Data for review ::
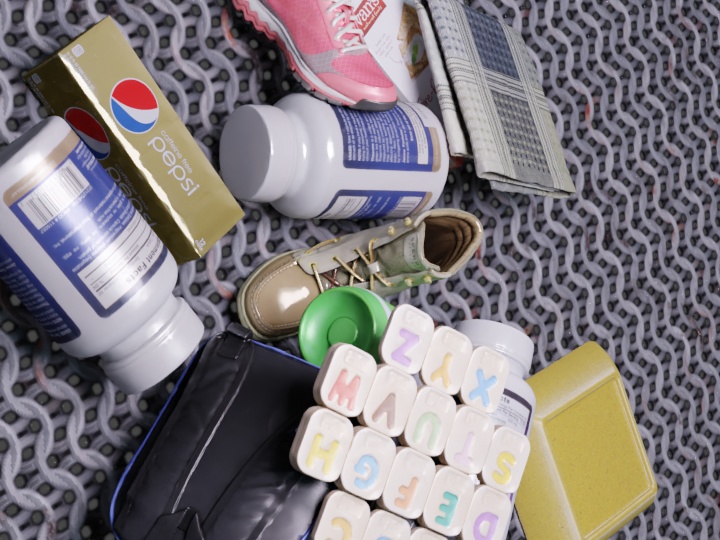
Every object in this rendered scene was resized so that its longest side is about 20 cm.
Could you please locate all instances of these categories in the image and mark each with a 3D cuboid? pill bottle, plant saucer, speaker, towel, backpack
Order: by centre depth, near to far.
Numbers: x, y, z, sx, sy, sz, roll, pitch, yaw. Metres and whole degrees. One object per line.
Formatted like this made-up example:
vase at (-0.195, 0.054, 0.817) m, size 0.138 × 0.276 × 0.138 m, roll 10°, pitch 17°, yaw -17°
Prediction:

Required work :: Without the pictures, write out every line above exactly as it appears.

Answer area ::
Every object in this rendered scene was resized so that its longest side is about 20 cm.
Could you please locate all instances of these categories in the image and mark each with a 3D cuboid? pill bottle, plant saucer, speaker, towel, backpack
Order: by centre depth, near to far.
Numbers: x, y, z, sx, sy, sz, roll, pitch, yaw. Metres and whole degrees. One object per line.
Formatted like this made-up example:
vase at (-0.195, 0.054, 0.817) m, size 0.138 × 0.276 × 0.138 m, roll 10°, pitch 17°, yaw -17°
Prediction:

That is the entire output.